Çankaya Köşkü’nün havası hüzünlü…

Atatürk hasta ama…

Yurt ve ülke sorunlarından uzak  kalmak olası mı?

Sanki yolun sonuna geldiğini hisseder gibi…

Akşamüstü saatleri…

Yanında…

Nuri Conker var…

Selanik’ten hem mahalle hem okul arkadaşı…

Albaylıktan emeklik ve…

paşalık dahil hiç bir makam/mevkii kabul etmemiş gerçek dost ve sırdaş…

*

Eski ama eskimeyen dost Nuri Conker, o gün

arkadaşının havasını dağıtmak ister…

Çocukluk günlerinden söz eder…

Bal gibi sohbet, uzayıp gider…

İstanbul’a ve gençlik günlerine gelir…

Harbiye ve sonra akademideki günleri anarlar…

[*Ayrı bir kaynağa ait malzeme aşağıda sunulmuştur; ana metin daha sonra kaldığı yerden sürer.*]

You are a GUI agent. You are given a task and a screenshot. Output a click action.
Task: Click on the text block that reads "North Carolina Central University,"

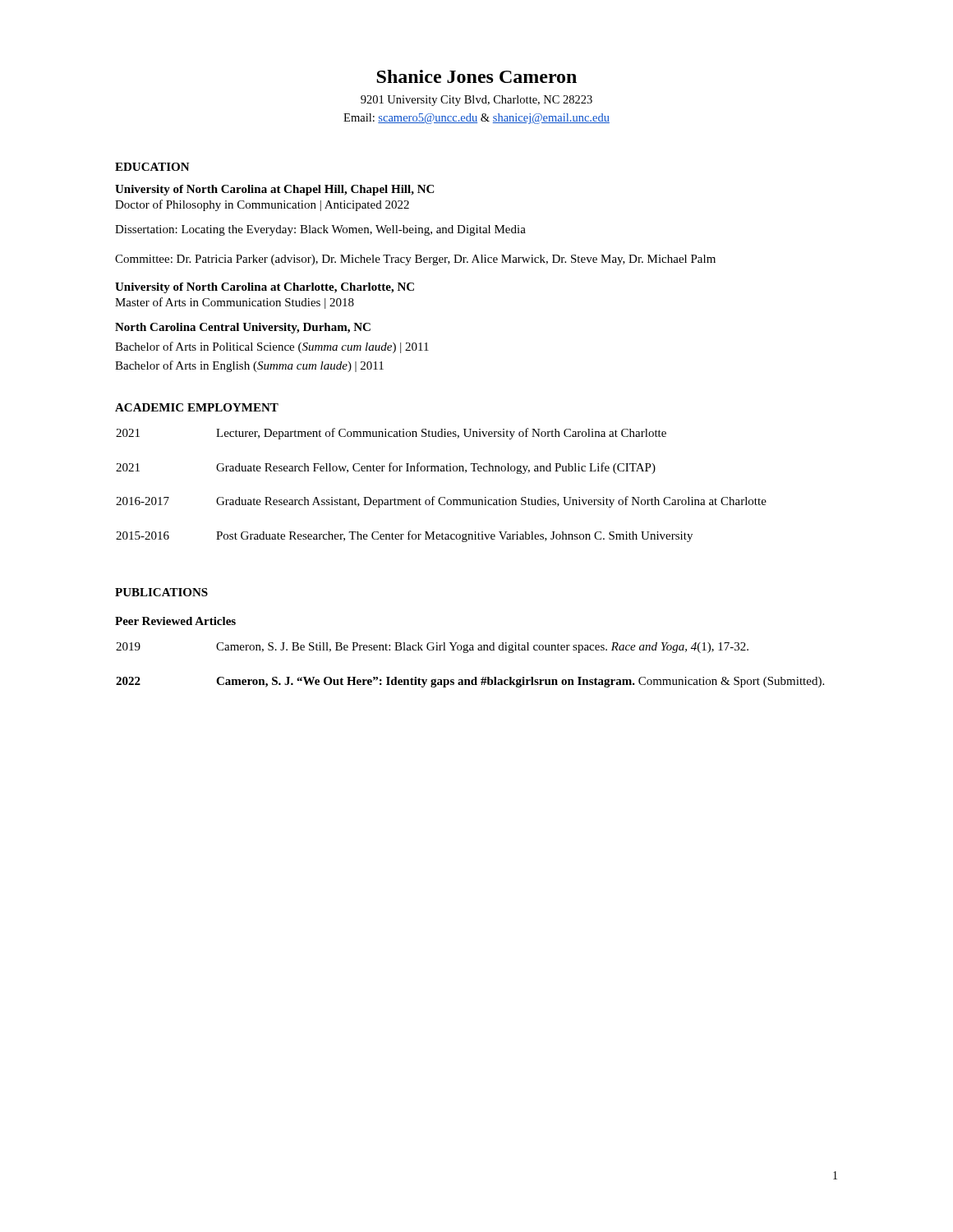coord(243,328)

Yedi Tepeli kentte yaşadıkları akıllarına gelir…

Tünel’deki Apostol’un yerinden bahsederler…

O, ufacık ama ünlü meyhanede yaşadıkları unutulmaz akşamlar gelir akıllarına…

Hatta…

Paraları olmadığı zaman…

Nasıl meyhaneciye “yaz hesaba” dediklerini hatırlarlar…

Bazen o küçük piste fırlayıp

Rumeli havaları eşliğinde…

zeybek oynadıkları bile gelir gözlerinin önüne…

Atatürk keyiflenir…

Sanki hastalığını unutmuş gibidir…

Kısa bir sessizlik olur…

Nuri Conker, aklına geleni hemen söyler:

“İster misin Mustafa, atlayıp trene gizlice İstanbul’a gidelim?  Önce Boğaz’da gezeriz, sonra ver elini Beyoğlu, Apostol’a uğrarız… Kimse görmeden döner geliriz…”

Gazi, çok sevinir…

Gözleri ışıldar; “Nasıl yaparız ki Nuri?” der…

*

Nuri Conker kararını vermiştir; her şeyi ayarlar…

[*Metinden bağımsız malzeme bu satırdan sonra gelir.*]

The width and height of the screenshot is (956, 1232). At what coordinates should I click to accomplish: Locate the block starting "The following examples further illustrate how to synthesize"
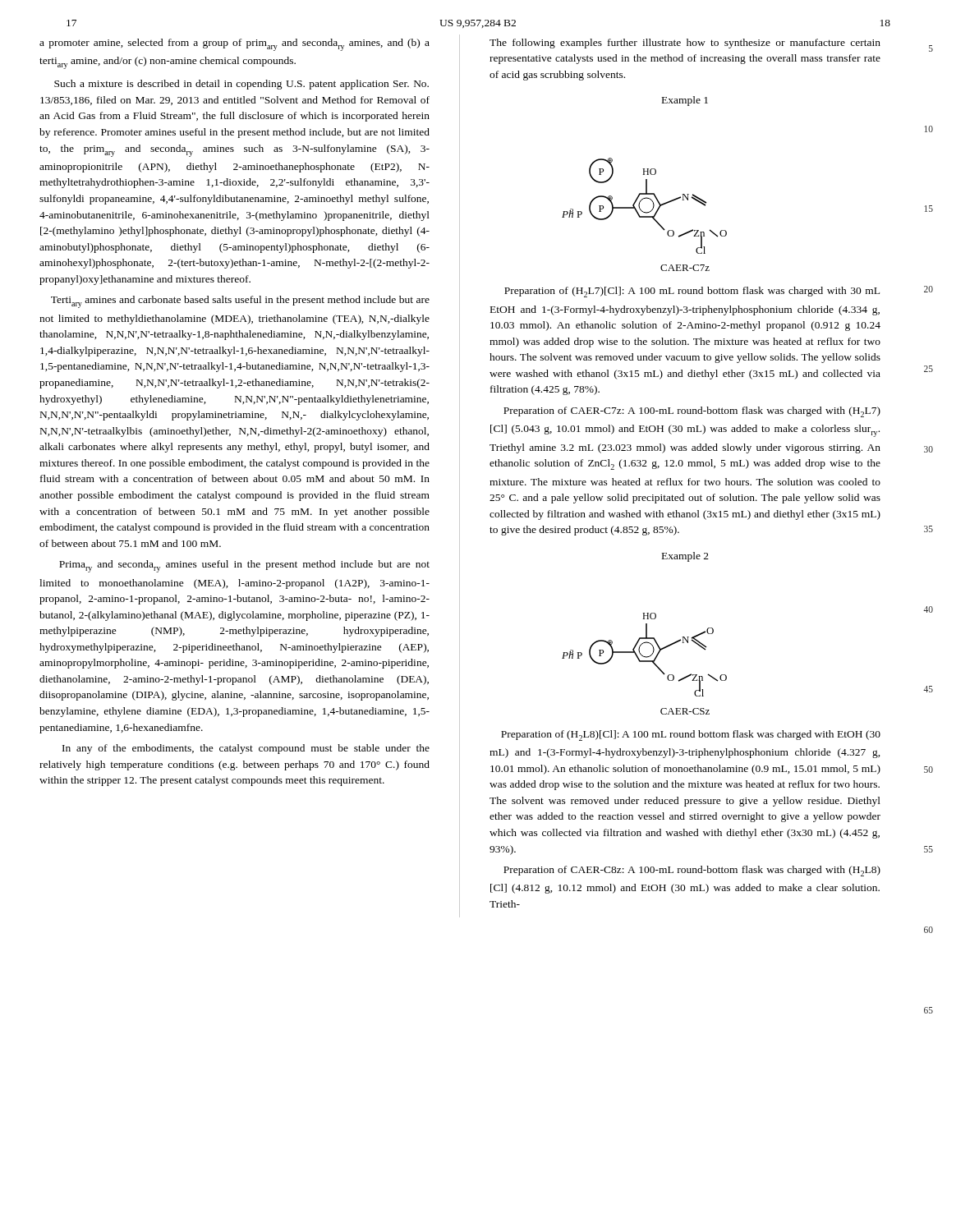(685, 58)

İstiklal Savaşı’nda orduya cesaret vererek…

Conk Bayırı’nın alınmasının mimarı bu kahraman asker için…

İstanbul operasyonu, çocuk oyuncağıdır…

*

Nitekim…

İstanbul ekspresinden üç kompartıman alınır…

Gece trene binilir; kimsenin ruhu bile duymaz…

Hafiften de olsa…

Tanınmamak için kıyafetler değiştirilir…

Kaçakları(!) Haydarpaşa’da Conker’in bir arkadaşı karşılar…

Sonra?

Ver elini Boğaziçi…

Gezerler, yürürler, denizi seyrederler…

Boğaz havasını ciğerlerine çekerler…

Sonra istikamet Beyoğlu…

Tünel’e gelince de doğrudan Apostol’un yerine giderler…

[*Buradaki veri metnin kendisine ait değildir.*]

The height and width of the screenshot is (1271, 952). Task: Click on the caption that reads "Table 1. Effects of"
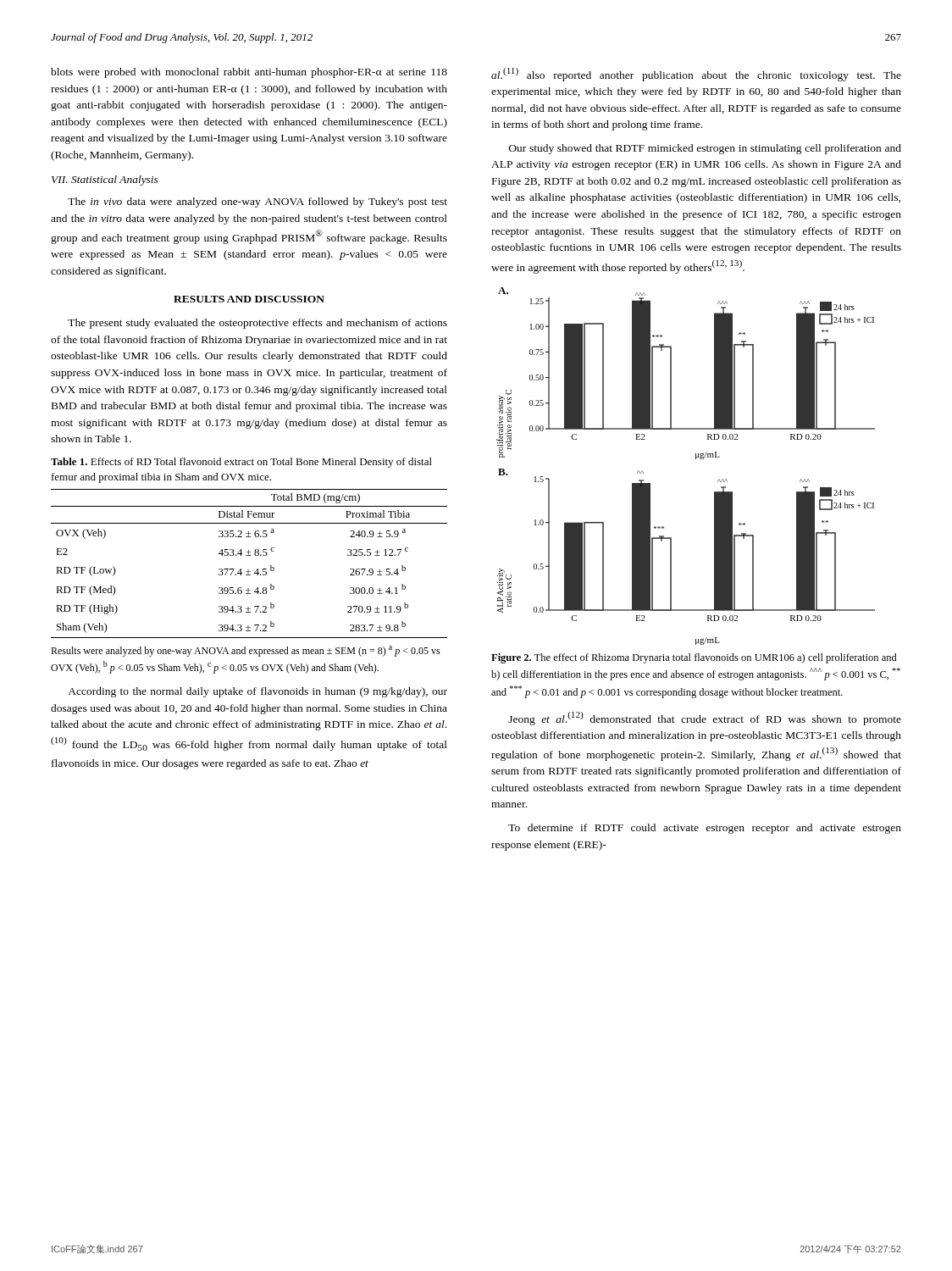(241, 469)

Akşamüstünün tüm güzelliği örtmüştür İstanbul’u…

Saat 17.00 olmuştur, bile…

Meyhanenin müdavimleri yavaştan gelmeye başlar…

(Bi’parantez açalım, sözün burasında…)

İstanbul’da eğlence yerlerini işletenler işlerini iyi bilirler…

Özellikle Rumlar…

Osmanlı’dan kalma gelenek ve görenekleriyle hizmetin piridirler…

Meyhane’nin sahibi Apostol…

Bi’ara Nuri Conker ile göz göze gelir…

Şimşek çakar kafasında…

Tanımıştır, gelenleri…

Eski müşterisi Atatürk’ü ve dostunu…

Çok sevinir ama…

Nuri Conker hemen uyarır; “Sakın bozma” der ve ekler:

“Eskisi gibi davran, gelenleri de çevirme, sadece bizimle garsonlar hariç, kimse fazla ilgilenmesin, hafifçe demlenelim…”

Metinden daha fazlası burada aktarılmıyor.